- Input:
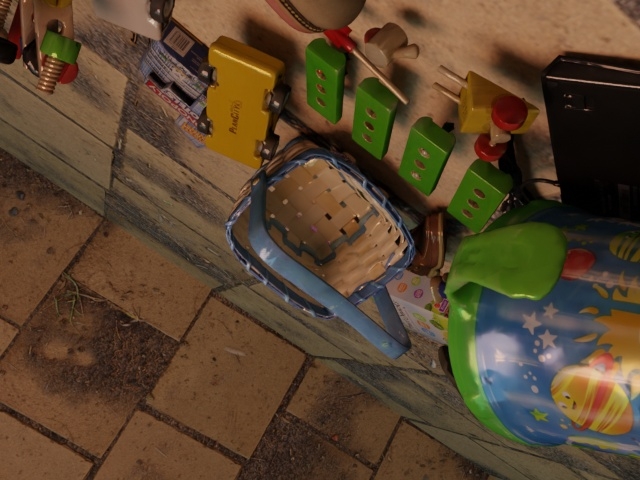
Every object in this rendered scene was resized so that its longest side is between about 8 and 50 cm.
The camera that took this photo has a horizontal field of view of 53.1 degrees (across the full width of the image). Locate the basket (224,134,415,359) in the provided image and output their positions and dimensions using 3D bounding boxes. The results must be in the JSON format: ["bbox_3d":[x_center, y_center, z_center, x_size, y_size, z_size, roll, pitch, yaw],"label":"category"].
[{"bbox_3d":[0.000,0.000,0.833,0.255,0.201,0.289,41,-159,-29],"label":"basket"}]

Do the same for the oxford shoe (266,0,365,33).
[{"bbox_3d":[0.016,-0.242,0.373,0.130,0.123,0.348,22,162,14],"label":"oxford shoe"}]

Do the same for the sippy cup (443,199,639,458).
[{"bbox_3d":[0.266,0.082,0.536,0.224,0.305,0.240,2,102,60],"label":"sippy cup"}]

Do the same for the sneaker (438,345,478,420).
[{"bbox_3d":[0.332,0.267,1.323,0.087,0.130,0.227,35,-169,-25],"label":"sneaker"}]

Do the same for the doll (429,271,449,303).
[{"bbox_3d":[0.244,0.059,0.856,0.189,0.046,0.129,-9,-179,38],"label":"doll"}]

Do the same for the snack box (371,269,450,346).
[{"bbox_3d":[0.193,0.121,1.155,0.207,0.070,0.174,22,161,35],"label":"snack box"}]

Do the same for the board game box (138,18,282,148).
[{"bbox_3d":[-0.176,-0.201,0.915,0.194,0.060,0.194,38,161,-18],"label":"board game box"}]

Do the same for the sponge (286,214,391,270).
[{"bbox_3d":[0.028,0.003,1.095,0.210,0.031,0.117,24,178,40],"label":"sponge"}]

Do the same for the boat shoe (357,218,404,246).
[{"bbox_3d":[0.108,0.002,1.023,0.125,0.038,0.046,27,162,16],"label":"boat shoe"}]

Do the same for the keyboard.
[{"bbox_3d":[0.258,-0.057,0.620,0.201,0.033,0.317,18,157,35],"label":"keyboard"}]

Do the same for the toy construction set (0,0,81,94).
[{"bbox_3d":[-0.361,-0.327,0.719,0.257,0.237,0.309,21,-171,-18],"label":"toy construction set"}]

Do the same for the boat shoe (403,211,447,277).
[{"bbox_3d":[0.146,0.011,0.913,0.060,0.064,0.178,4,159,5],"label":"boat shoe"}]

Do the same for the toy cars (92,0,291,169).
[{"bbox_3d":[-0.135,-0.239,0.704,0.176,0.087,0.393,-1,142,36],"label":"toy cars"}]

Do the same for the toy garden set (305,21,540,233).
[{"bbox_3d":[0.092,-0.131,0.620,0.244,0.049,0.204,40,165,12],"label":"toy garden set"}]

- To do: Copy each line of the records above without change, but do not include any picture.

- Written response:
Every object in this rendered scene was resized so that its longest side is between about 8 and 50 cm.
The camera that took this photo has a horizontal field of view of 53.1 degrees (across the full width of the image). Locate the basket (224,134,415,359) in the provided image and output their positions and dimensions using 3D bounding boxes. The results must be in the JSON format: ["bbox_3d":[x_center, y_center, z_center, x_size, y_size, z_size, roll, pitch, yaw],"label":"category"].
[{"bbox_3d":[0.000,0.000,0.833,0.255,0.201,0.289,41,-159,-29],"label":"basket"}]

Do the same for the oxford shoe (266,0,365,33).
[{"bbox_3d":[0.016,-0.242,0.373,0.130,0.123,0.348,22,162,14],"label":"oxford shoe"}]

Do the same for the sippy cup (443,199,639,458).
[{"bbox_3d":[0.266,0.082,0.536,0.224,0.305,0.240,2,102,60],"label":"sippy cup"}]

Do the same for the sneaker (438,345,478,420).
[{"bbox_3d":[0.332,0.267,1.323,0.087,0.130,0.227,35,-169,-25],"label":"sneaker"}]

Do the same for the doll (429,271,449,303).
[{"bbox_3d":[0.244,0.059,0.856,0.189,0.046,0.129,-9,-179,38],"label":"doll"}]

Do the same for the snack box (371,269,450,346).
[{"bbox_3d":[0.193,0.121,1.155,0.207,0.070,0.174,22,161,35],"label":"snack box"}]

Do the same for the board game box (138,18,282,148).
[{"bbox_3d":[-0.176,-0.201,0.915,0.194,0.060,0.194,38,161,-18],"label":"board game box"}]

Do the same for the sponge (286,214,391,270).
[{"bbox_3d":[0.028,0.003,1.095,0.210,0.031,0.117,24,178,40],"label":"sponge"}]

Do the same for the boat shoe (357,218,404,246).
[{"bbox_3d":[0.108,0.002,1.023,0.125,0.038,0.046,27,162,16],"label":"boat shoe"}]

Do the same for the keyboard.
[{"bbox_3d":[0.258,-0.057,0.620,0.201,0.033,0.317,18,157,35],"label":"keyboard"}]

Do the same for the toy construction set (0,0,81,94).
[{"bbox_3d":[-0.361,-0.327,0.719,0.257,0.237,0.309,21,-171,-18],"label":"toy construction set"}]

Do the same for the boat shoe (403,211,447,277).
[{"bbox_3d":[0.146,0.011,0.913,0.060,0.064,0.178,4,159,5],"label":"boat shoe"}]

Do the same for the toy cars (92,0,291,169).
[{"bbox_3d":[-0.135,-0.239,0.704,0.176,0.087,0.393,-1,142,36],"label":"toy cars"}]

Do the same for the toy garden set (305,21,540,233).
[{"bbox_3d":[0.092,-0.131,0.620,0.244,0.049,0.204,40,165,12],"label":"toy garden set"}]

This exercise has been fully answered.